Is the spread of the Indian variant in the UK an inevitable result of living with COVID?

 

Acting fast


The Indian variant (B.1.671.2) of COVID-19 is now fairly well entrenched in parts of the UK and is increasing rapidly. Cases in the North West are rising, sharply among the young. For detailed analysis of what we know about this variant and how quickly it is spreading (once we exclude carriers who came from India) it is best to follow Christina Pagel (@chrischirp) e.g. here. She and other experts think that it is of sufficient concern that we should have stopped today's relaxation of the lockdown.


If there is one thing we should have learnt in dealing with COVID (and some of those dealing with pandemics already knew, like Mike Ryan here) is to act fast. If you wait until you know you are right you will lose, because the virus would have already won. Moving fast is an example of the precautionary principle: you plan for the worst outcome even if you are not sure you need to act at all.

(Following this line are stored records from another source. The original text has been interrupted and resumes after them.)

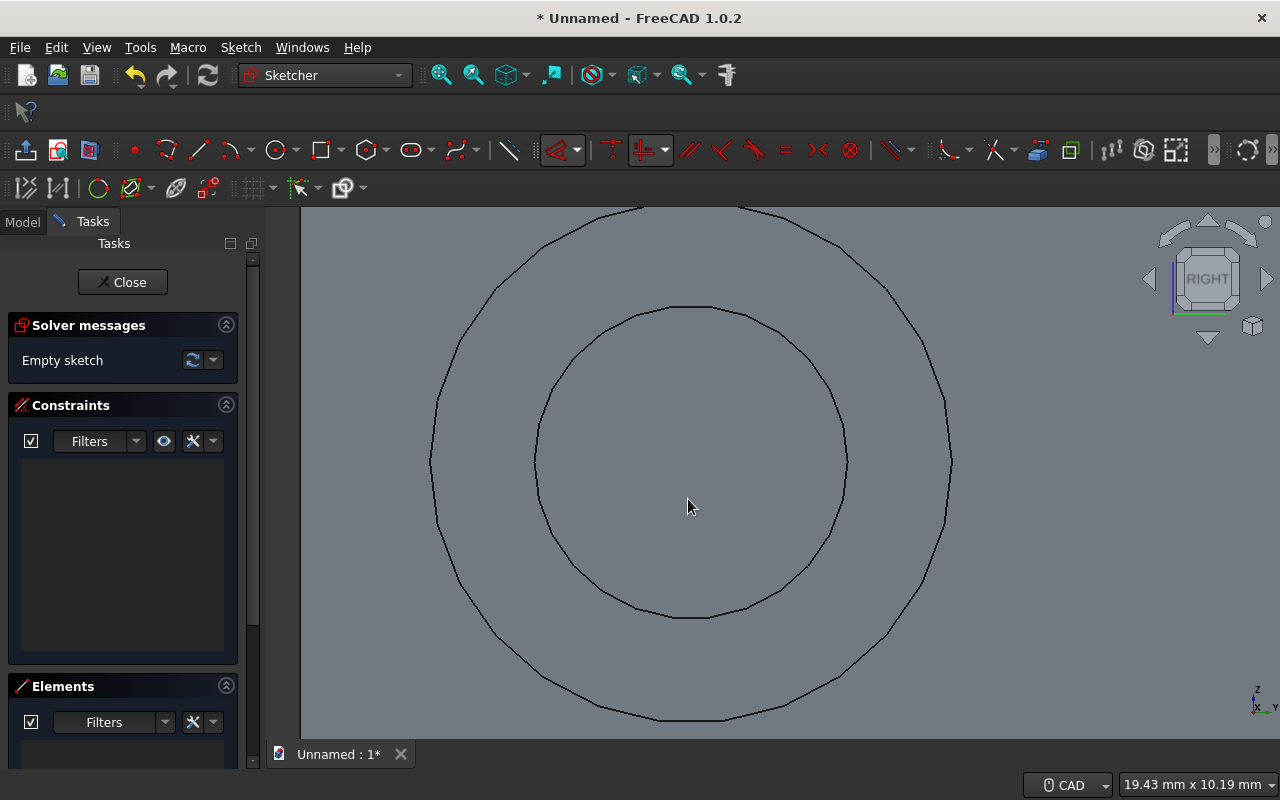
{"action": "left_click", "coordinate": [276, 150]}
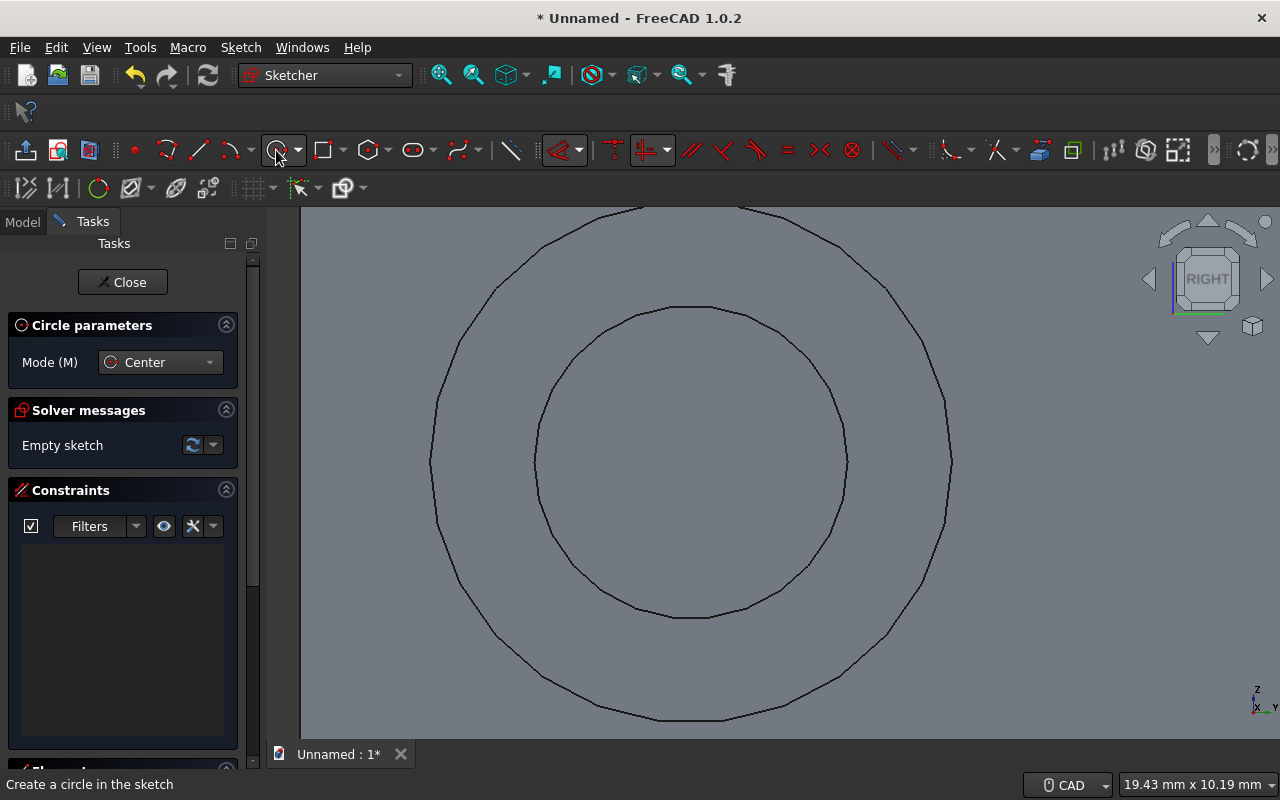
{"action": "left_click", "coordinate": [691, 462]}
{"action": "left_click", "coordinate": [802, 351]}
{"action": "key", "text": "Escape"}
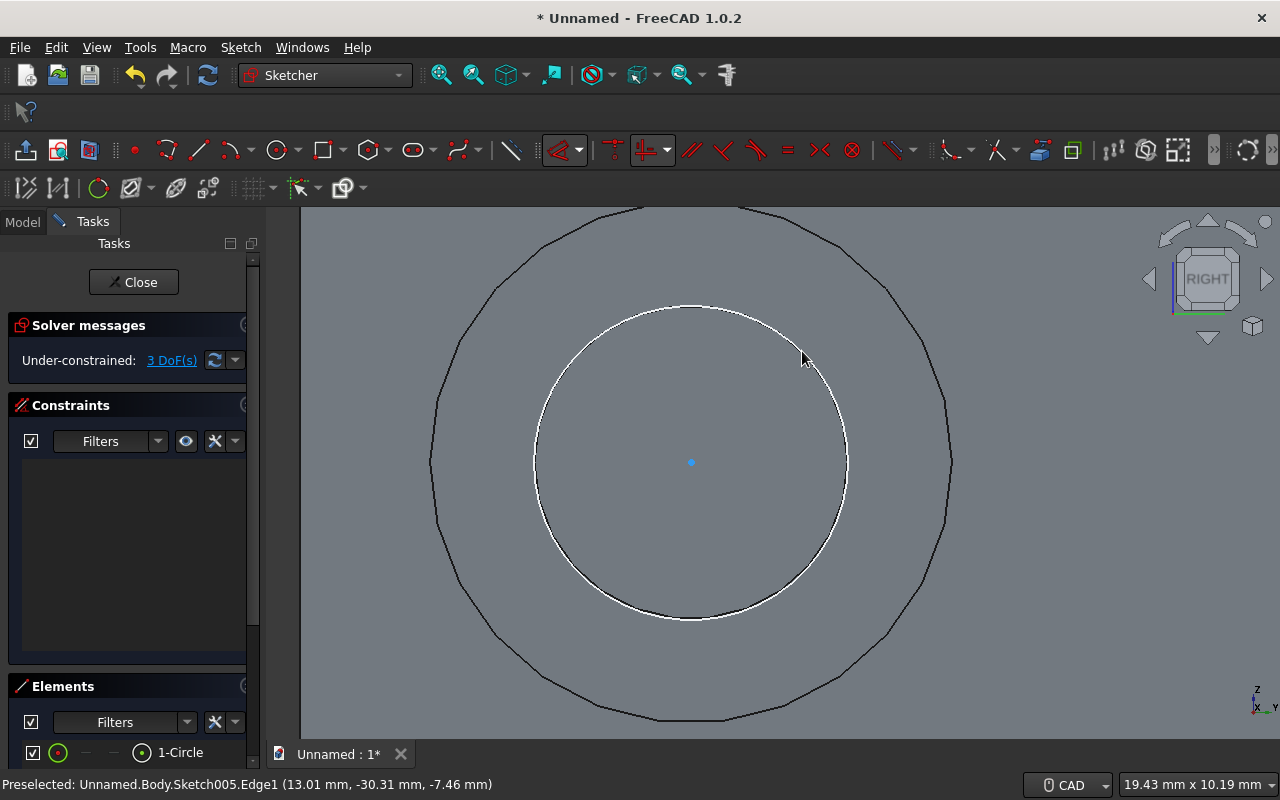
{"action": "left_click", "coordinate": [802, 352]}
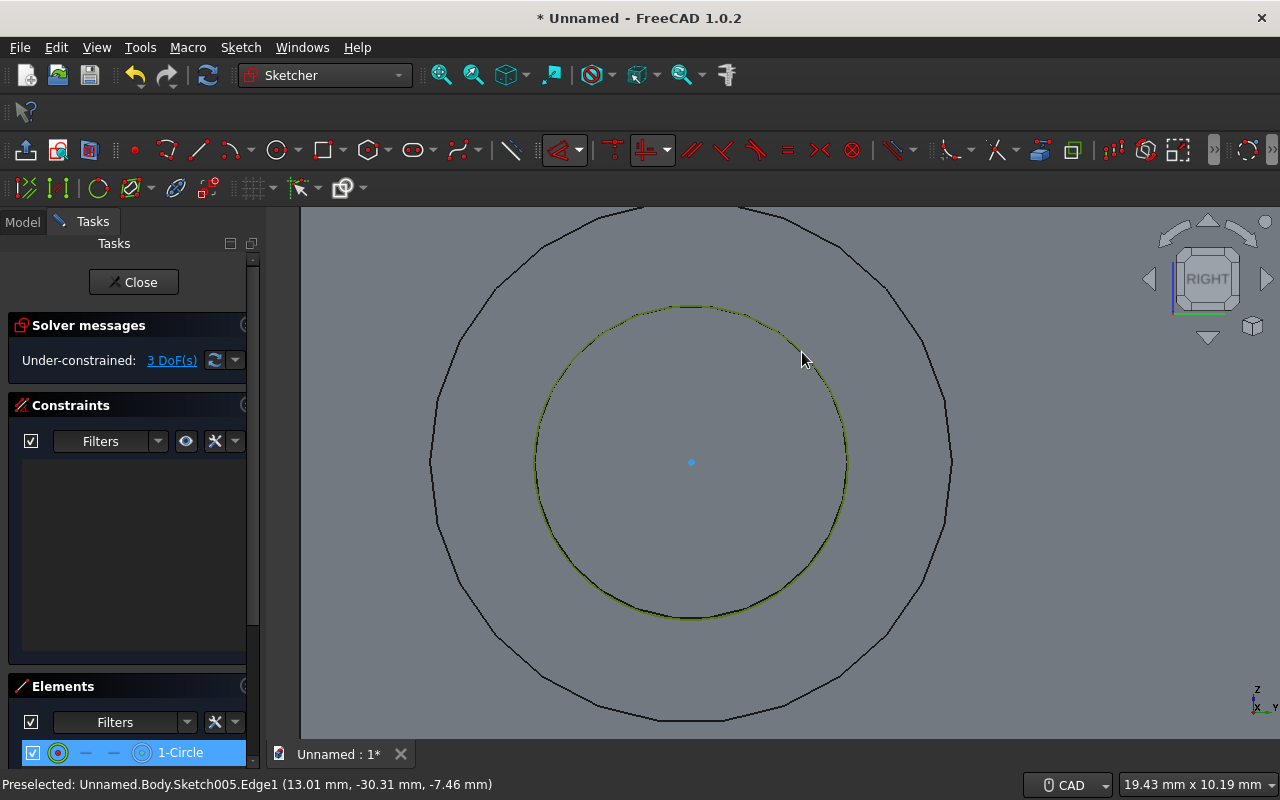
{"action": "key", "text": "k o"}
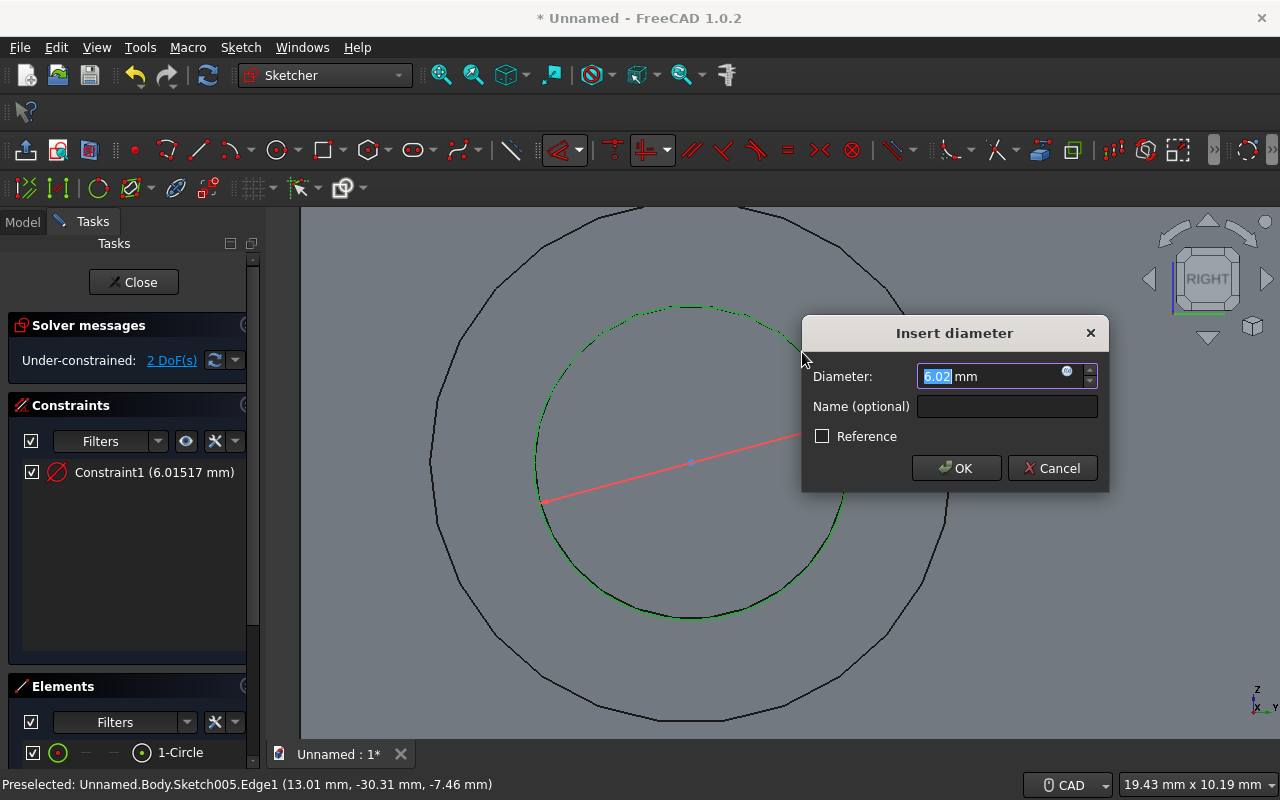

At the moment we have rather poor information on how effective our vaccines will be in stopping this new variant. But if we wait for clear evidence on that question, it will be too late because by then the variant will have spread too much, such that only a lockdown can stop the spread. This is because the Indian variant is more infectious than the other variants of concern.


Living with COVID


Some of those who read this post about how well the elimination strategy had done compared to the approach in most of the West before vaccines rollout asked how does it apply to a world that is vaccinated? In a post in February I talked about two paths to dealing with COVID once vaccines have been rolled out: elimination and living with COVID. While elimination is clearly superior when we have no vaccine, the issue is more balanced after everyone is vaccinated.


I didn’t get the arguments quite right in the February post, so let me give an amended version. The big negative of the elimination strategy is that it makes it much harder for international travel from or to other countries that follow a living with COVID strategy. That is not a problem if enough other countries follow an elimination strategy, but no Western countries seem likely to do that now that vaccines are here. Turning to the living with COVID strategy that we in the UK are now following, the big negative is the country becomes susceptible to COVID variants.


A question I didn’t address in February, but should have, is whether a compromise between the two strategies would be both possible and desirable. The compromise abandons quarantine for all travellers, but is much stricter in when it does impose quarantine. It does not wait for weeks until it is sure a new variant is a serious concern before putting visitors in hotel quarantine (in the UK the red list). If the UK had followed this compromise solution involving a precautionary approach to variants, the Indian variant would be much less of a threat than it is now. The extent of UK incidence of the Indian variant isn't a consequence of living with COVID, its a consequence of ignoring the precautionary principle in pandemics.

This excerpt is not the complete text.